If the audience accepted the articulated connection between past and present
situations, they were bound to the course of imperialism put forth by
Beveridge--lest they be the first Americans to "doubt their mission,
question fate, prove apostate to the spirit of their race, and halt the
ceaseless march of free institutions?" (12). Temporal continuity thus
became the core of persuasive appeals in Beveridge’s speech, with several
distinct American values brought out as central to such continuity.
Liberty and Civilization as Key
Americans have always
believed liberty to be their most sacred and absolute natural right.

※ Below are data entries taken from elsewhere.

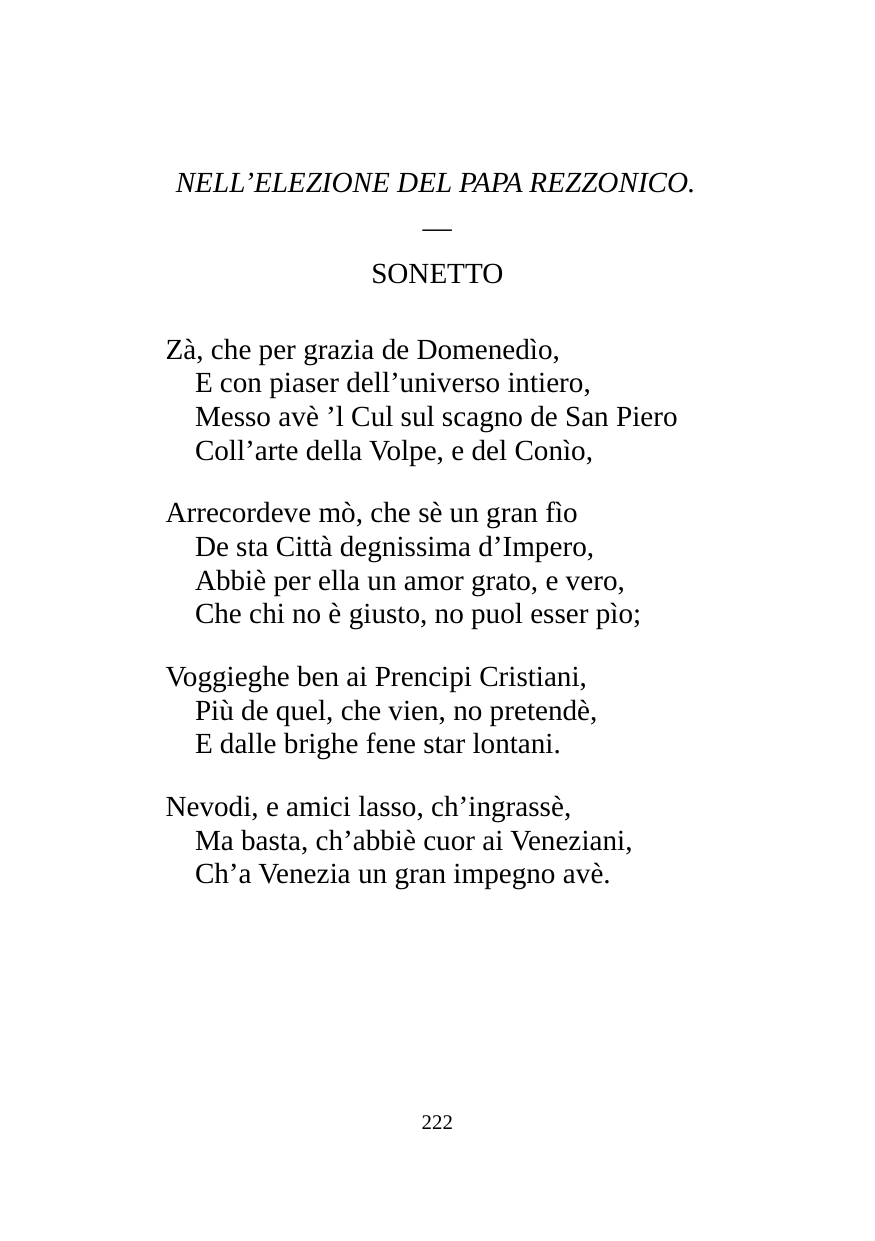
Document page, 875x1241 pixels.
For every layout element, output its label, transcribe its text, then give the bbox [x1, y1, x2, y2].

subtitle NELL’ELEZIONE DEL PAPA REZZONICO. [106, 165, 768, 199]
text SONETTO [106, 257, 768, 290]
text Nevodi, e amici lasso, ch’ingrassè, Ma basta, ch’abbiè cuor ai Veneziani, Ch’a Venezia un gran impegno avè. [165, 789, 768, 890]
text — [106, 211, 768, 244]
text Voggieghe ben ai Prencipi Cristiani, Più de quel, che vien, no pretendè, E dalle brighe fene star lontani. [165, 659, 768, 760]
text Zà, che per grazia de Domenedìo, E con piaser dell’universo intiero, Messo avè ’l Cul sul scagno de San Piero Coll’arte della Volpe, e del Conìo, [165, 332, 768, 466]
text Arrecordeve mò, che sè un gran fìo De sta Città degnissima d’Impero, Abbiè per ella un amor grato, e vero, Che chi no è giusto, no puol esser pìo; [165, 496, 768, 630]
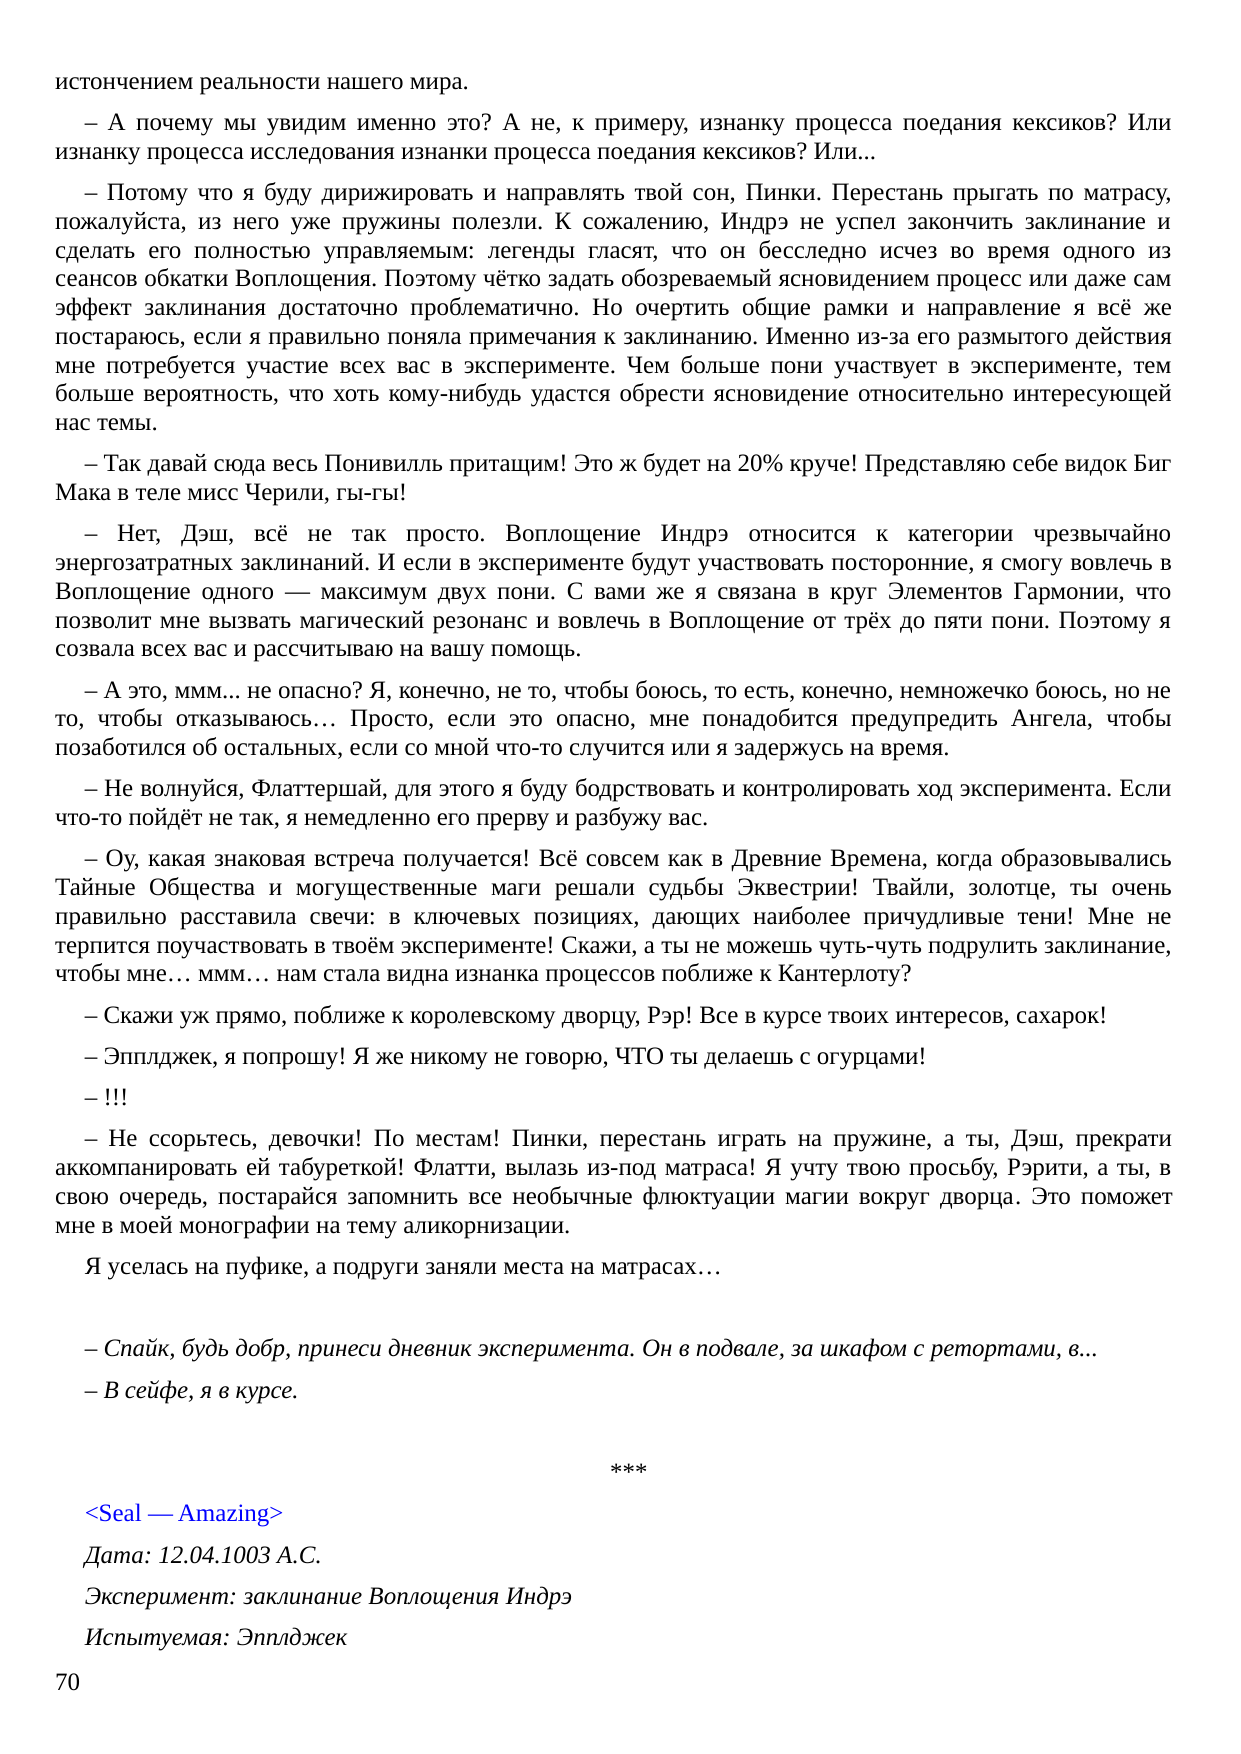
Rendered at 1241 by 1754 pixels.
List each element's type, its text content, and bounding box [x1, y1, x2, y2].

text Я уселась на пуфике, а подруги заняли места на матрасах… [55, 1251, 1173, 1280]
text – Эпплджек, я попрошу! Я же никому не говорю, ЧТО ты делаешь с огурцами! [55, 1041, 1173, 1070]
text Испытуемая: Эпплджек [55, 1622, 1173, 1651]
text – В сейфе, я в курсе. [55, 1375, 1173, 1403]
text – А это, ммм... не опасно? Я, конечно, не то, чтобы боюсь, то есть, конечно, немножечко боюсь, но не то, чтобы отказываюсь… Просто, если это опасно, мне понадобится предупредить Ангела, чтобы позаботился об остальных, если со мной что-то случится или я задержусь на время. [55, 675, 1173, 761]
text – !!! [55, 1082, 1173, 1111]
text – Скажи уж прямо, поближе к королевскому дворцу, Рэр! Все в курсе твоих интересов, сахарок! [55, 1000, 1173, 1028]
text Дата: 12.04.1003 А.С. [55, 1540, 1173, 1568]
text – Так давай сюда весь Понивилль притащим! Это ж будет на 20% круче! Представляю себе видок Биг Мака в теле мисс Черили, гы-гы! [55, 448, 1173, 506]
text *** [55, 1457, 1173, 1486]
text – Не волнуйся, Флаттершай, для этого я буду бодрствовать и контролировать ход эксперимента. Если что-то пойдёт не так, я немедленно его прерву и разбужу вас. [55, 773, 1173, 831]
text – Спайк, будь добр, принеси дневник эксперимента. Он в подвале, за шкафом с ретортами, в... [55, 1333, 1173, 1362]
text – А почему мы увидим именно это? А не, к примеру, изнанку процесса поедания кексиков? Или изнанку процесса исследования изнанки процесса поедания кексиков? Или... [55, 107, 1173, 165]
text – Потому что я буду дирижировать и направлять твой сон, Пинки. Перестань прыгать по матрасу, пожалуйста, из него уже пружины полезли. К сожалению, Индрэ не успел закончить заклинание и сделать его полностью управляемым: легенды гласят, что он бесследно исчез во время одного из сеансов обкатки Воплощения. Поэтому чётко задать обозреваемый ясновидением процесс или даже сам эффект заклинания достаточно проблематично. Но очертить общие рамки и направление я всё же постараюсь, если я правильно поняла примечания к заклинанию. Именно из-за его размытого действия мне потребуется участие всех вас в эксперименте. Чем больше пони участвует в эксперименте, тем больше вероятность, что хоть кому-нибудь удастся обрести ясновидение относительно интересующей нас темы. [55, 177, 1173, 436]
text <Seal — Amazing> [55, 1498, 1173, 1527]
text – Не ссорьтесь, девочки! По местам! Пинки, перестань играть на пружине, а ты, Дэш, прекрати аккомпанировать ей табуреткой! Флатти, вылазь из-под матраса! Я учту твою просьбу, Рэрити, а ты, в свою очередь, постарайся запомнить все необычные флюктуации магии вокруг дворца. Это поможет мне в моей монографии на тему аликорнизации. [55, 1123, 1173, 1238]
text – Нет, Дэш, всё не так просто. Воплощение Индрэ относится к категории чрезвычайно энергозатратных заклинаний. И если в эксперименте будут участвовать посторонние, я смогу вовлечь в Воплощение одного — максимум двух пони. С вами же я связана в круг Элементов Гармонии, что позволит мне вызвать магический резонанс и вовлечь в Воплощение от трёх до пяти пони. Поэтому я созвала всех вас и рассчитываю на вашу помощь. [55, 518, 1173, 662]
text – Оу, какая знаковая встреча получается! Всё совсем как в Древние Времена, когда образовывались Тайные Общества и могущественные маги решали судьбы Эквестрии! Твайли, золотце, ты очень правильно расставила свечи: в ключевых позициях, дающих наиболее причудливые тени! Мне не терпится поучаствовать в твоём эксперименте! Скажи, а ты не можешь чуть-чуть подрулить заклинание, чтобы мне… ммм… нам стала видна изнанка процессов поближе к Кантерлоту? [55, 843, 1173, 987]
text истончением реальности нашего мира. [55, 66, 1173, 95]
text Эксперимент: заклинание Воплощения Индрэ [55, 1581, 1173, 1610]

Terms such as liberty serve as linguistic
centers for political power structures and decision-making processes.
However, these terms are not static in meaning and alter depending on
historical and linguistic context (that is, how they are defined over time and
in their specific usage vis-à-vis other ideas and expressions). Moreover,
general terms such as liberty are especially susceptible to a wide range of
meanings, since individual beliefs and experiences play such a major role in
how each person defines the term.
Studying these meanings closely illuminates the differences of culture
and ethics embodied in speech and their relation to other worldviews.
For Americans, liberty has arguably
served as the chief term around which all other political values and principles
gain their meaning from the time of the Declaration of Independence forward.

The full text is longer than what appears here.